**RECORDS PROVIDED**
--

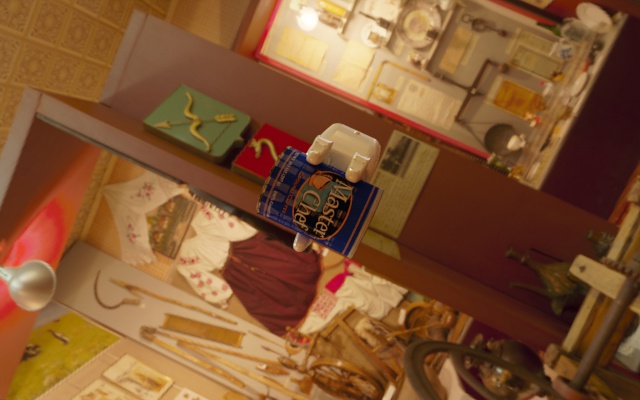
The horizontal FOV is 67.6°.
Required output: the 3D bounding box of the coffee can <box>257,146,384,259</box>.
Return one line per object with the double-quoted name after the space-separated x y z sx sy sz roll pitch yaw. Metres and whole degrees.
0.000 0.002 0.640 0.140 0.103 0.103 25 2 4 "coffee can"
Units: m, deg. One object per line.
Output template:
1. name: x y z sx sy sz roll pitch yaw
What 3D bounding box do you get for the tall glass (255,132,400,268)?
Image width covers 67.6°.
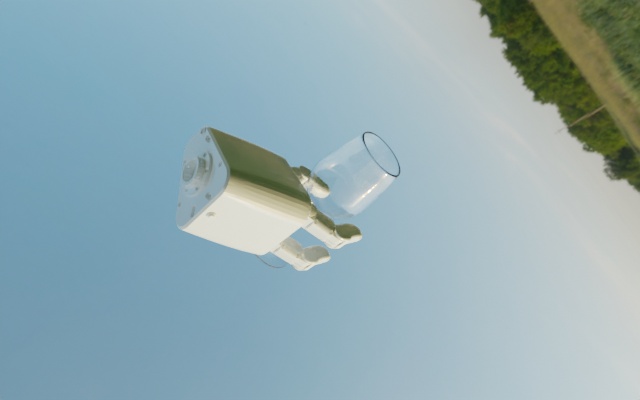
1. tall glass: 0.000 0.002 0.574 0.201 0.079 0.079 -38 -21 29
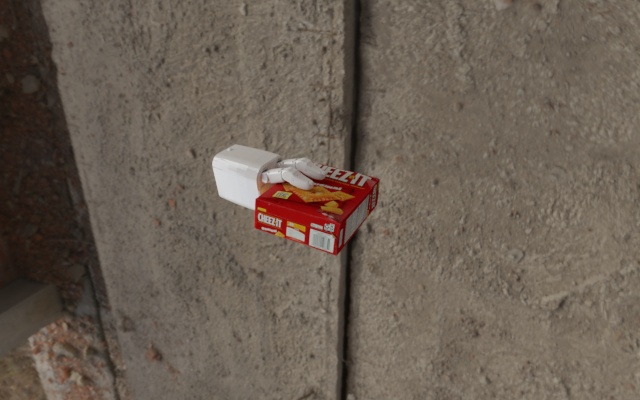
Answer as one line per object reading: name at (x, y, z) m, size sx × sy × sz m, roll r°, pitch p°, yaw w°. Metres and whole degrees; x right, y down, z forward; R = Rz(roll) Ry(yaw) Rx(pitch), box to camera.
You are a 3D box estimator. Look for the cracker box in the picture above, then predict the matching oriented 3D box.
cracker box at (0.000, 0.003, 0.896) m, size 0.164 × 0.072 × 0.213 m, roll 16°, pitch 30°, yaw 19°
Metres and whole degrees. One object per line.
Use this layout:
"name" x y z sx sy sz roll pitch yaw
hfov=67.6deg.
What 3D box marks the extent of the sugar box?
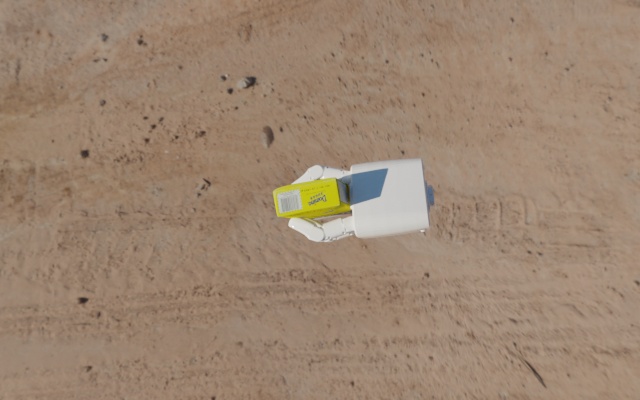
"sugar box" 0.000 0.003 0.732 0.093 0.048 0.176 -10 -9 13
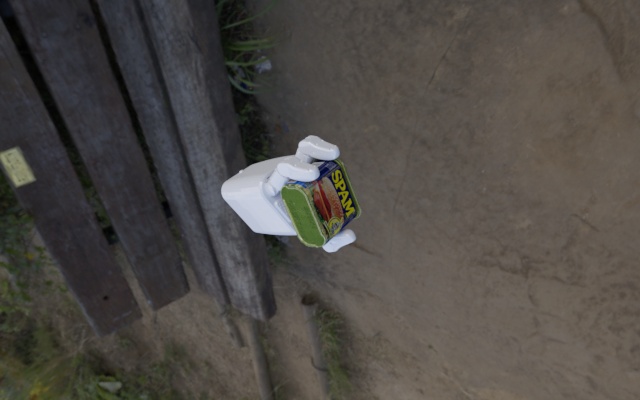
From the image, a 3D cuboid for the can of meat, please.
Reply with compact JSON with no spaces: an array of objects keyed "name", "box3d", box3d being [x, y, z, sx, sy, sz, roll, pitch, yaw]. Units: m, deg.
[{"name":"can of meat","box3d":[0.000,0.002,0.658,0.057,0.102,0.084,0,30,44]}]
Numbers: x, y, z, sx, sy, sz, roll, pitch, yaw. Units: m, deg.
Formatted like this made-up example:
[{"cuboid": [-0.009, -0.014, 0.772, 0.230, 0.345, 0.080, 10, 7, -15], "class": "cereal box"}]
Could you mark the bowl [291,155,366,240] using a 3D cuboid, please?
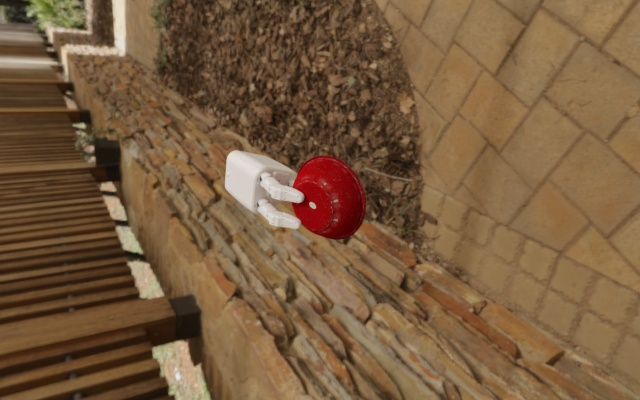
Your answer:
[{"cuboid": [0.001, 0.003, 0.860, 0.162, 0.162, 0.055, 0, 16, 38], "class": "bowl"}]
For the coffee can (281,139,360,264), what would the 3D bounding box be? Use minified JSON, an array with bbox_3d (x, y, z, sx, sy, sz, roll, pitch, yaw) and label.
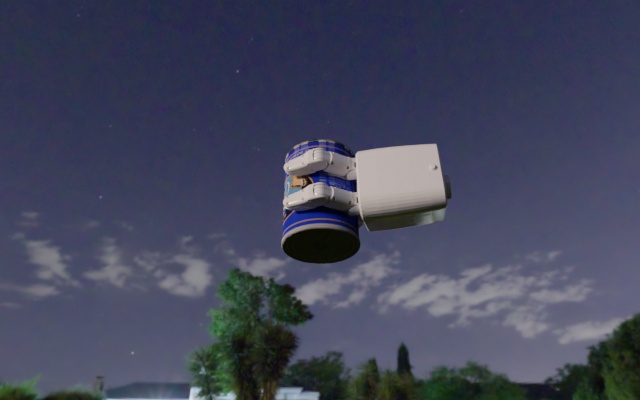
[{"bbox_3d":[0.000,0.002,0.657,0.103,0.140,0.103,0,-32,0],"label":"coffee can"}]
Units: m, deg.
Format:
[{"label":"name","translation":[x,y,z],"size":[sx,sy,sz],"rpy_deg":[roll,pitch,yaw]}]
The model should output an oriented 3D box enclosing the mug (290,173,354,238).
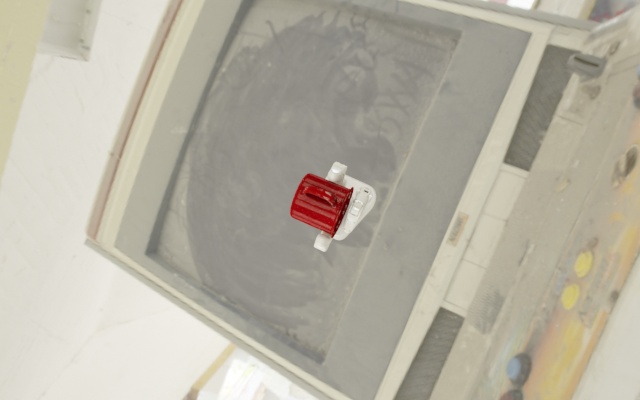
[{"label":"mug","translation":[0.000,0.002,0.786],"size":[0.081,0.093,0.117],"rpy_deg":[23,-10,8]}]
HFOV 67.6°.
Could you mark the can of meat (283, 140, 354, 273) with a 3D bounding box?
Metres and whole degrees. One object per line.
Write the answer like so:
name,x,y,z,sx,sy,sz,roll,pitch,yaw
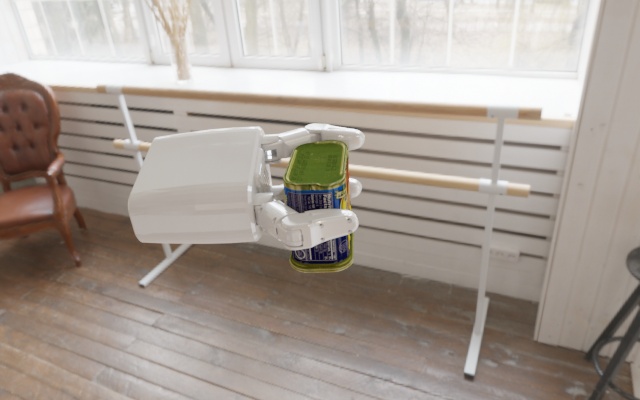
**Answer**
can of meat,0.000,0.001,0.433,0.057,0.084,0.102,-2,28,6
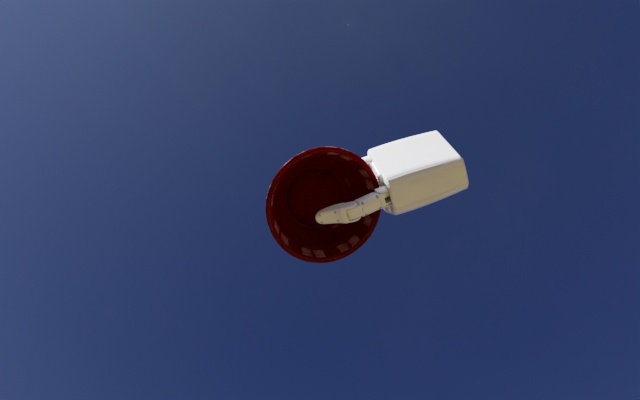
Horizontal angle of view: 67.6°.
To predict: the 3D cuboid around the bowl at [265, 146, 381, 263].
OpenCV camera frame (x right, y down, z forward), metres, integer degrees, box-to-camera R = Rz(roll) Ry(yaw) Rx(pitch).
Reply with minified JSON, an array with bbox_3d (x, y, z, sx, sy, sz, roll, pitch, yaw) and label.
[{"bbox_3d":[-0.001,0.002,0.663,0.162,0.162,0.055,0,14,-16],"label":"bowl"}]
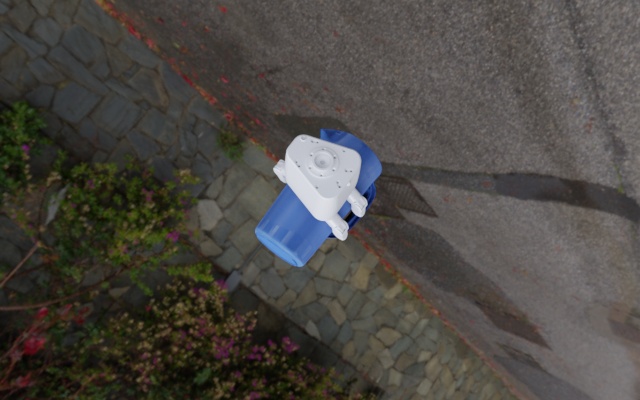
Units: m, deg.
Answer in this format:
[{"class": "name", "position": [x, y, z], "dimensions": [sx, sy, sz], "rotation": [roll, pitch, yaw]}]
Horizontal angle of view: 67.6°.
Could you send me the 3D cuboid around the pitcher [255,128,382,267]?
[{"class": "pitcher", "position": [0.000, 0.003, 0.877], "dimensions": [0.149, 0.242, 0.145], "rotation": [35, -16, 8]}]

--

**DIRECTIONS FOR THIS TASK**
Your answer must be an exact copy of the data above, minus its pictures.

**OUTPUT**
The horizontal FOV is 67.6°.
Required output: the 3D bounding box of the coffee can <box>257,146,384,259</box>.
Return one line per object with the double-quoted name after the space-separated x y z sx sy sz roll pitch yaw. Metres and whole degrees.
0.000 0.002 0.640 0.140 0.103 0.103 25 2 4 "coffee can"
Units: m, deg. One object per line.
Output template:
1. name: x y z sx sy sz roll pitch yaw
What 3D bounding box do you get for the tall glass (255,132,400,268)?
Image width covers 67.6°.
1. tall glass: 0.000 0.002 0.574 0.201 0.079 0.079 -38 -21 29
Answer as one line per object reading: name at (x, y, z) m, size sx × sy × sz m, roll r°, pitch p°, yaw w°. Metres and whole degrees; x right, y down, z forward; R = Rz(roll) Ry(yaw) Rx(pitch), box to camera.
You are a 3D box estimator. Look for the cracker box in the picture above, then predict the matching oriented 3D box.
cracker box at (0.000, 0.003, 0.896) m, size 0.164 × 0.072 × 0.213 m, roll 16°, pitch 30°, yaw 19°
Metres and whole degrees. One object per line.
Use this layout:
"name" x y z sx sy sz roll pitch yaw
hfov=67.6deg.
What 3D box marks the extent of the sugar box?
"sugar box" 0.000 0.003 0.732 0.093 0.048 0.176 -10 -9 13
From the image, a 3D cuboid for the can of meat, please.
Reply with compact JSON with no spaces: an array of objects keyed "name", "box3d", box3d being [x, y, z, sx, sy, sz, roll, pitch, yaw]. Units: m, deg.
[{"name":"can of meat","box3d":[0.000,0.002,0.658,0.057,0.102,0.084,0,30,44]}]
Numbers: x, y, z, sx, sy, sz, roll, pitch, yaw. Units: m, deg.
Formatted like this made-up example:
[{"cuboid": [-0.009, -0.014, 0.772, 0.230, 0.345, 0.080, 10, 7, -15], "class": "cereal box"}]
Could you mark the bowl [291,155,366,240] using a 3D cuboid, please?
Your answer:
[{"cuboid": [0.001, 0.003, 0.860, 0.162, 0.162, 0.055, 0, 16, 38], "class": "bowl"}]
For the coffee can (281,139,360,264), what would the 3D bounding box be? Use minified JSON, an array with bbox_3d (x, y, z, sx, sy, sz, roll, pitch, yaw) and label.
[{"bbox_3d":[0.000,0.002,0.657,0.103,0.140,0.103,0,-32,0],"label":"coffee can"}]
Units: m, deg.
Format:
[{"label":"name","translation":[x,y,z],"size":[sx,sy,sz],"rpy_deg":[roll,pitch,yaw]}]
The model should output an oriented 3D box enclosing the mug (290,173,354,238).
[{"label":"mug","translation":[0.000,0.002,0.786],"size":[0.081,0.093,0.117],"rpy_deg":[23,-10,8]}]
HFOV 67.6°.
Could you mark the can of meat (283, 140, 354, 273) with a 3D bounding box?
Metres and whole degrees. One object per line.
Write the answer like so:
name,x,y,z,sx,sy,sz,roll,pitch,yaw
**Answer**
can of meat,0.000,0.001,0.433,0.057,0.084,0.102,-2,28,6
Horizontal angle of view: 67.6°.
To predict: the 3D cuboid around the bowl at [265, 146, 381, 263].
OpenCV camera frame (x right, y down, z forward), metres, integer degrees, box-to-camera R = Rz(roll) Ry(yaw) Rx(pitch).
Reply with minified JSON, an array with bbox_3d (x, y, z, sx, sy, sz, roll, pitch, yaw) and label.
[{"bbox_3d":[-0.001,0.002,0.663,0.162,0.162,0.055,0,14,-16],"label":"bowl"}]
Units: m, deg.
Answer in this format:
[{"class": "name", "position": [x, y, z], "dimensions": [sx, sy, sz], "rotation": [roll, pitch, yaw]}]
Horizontal angle of view: 67.6°.
Could you send me the 3D cuboid around the pitcher [255,128,382,267]?
[{"class": "pitcher", "position": [0.000, 0.003, 0.877], "dimensions": [0.149, 0.242, 0.145], "rotation": [35, -16, 8]}]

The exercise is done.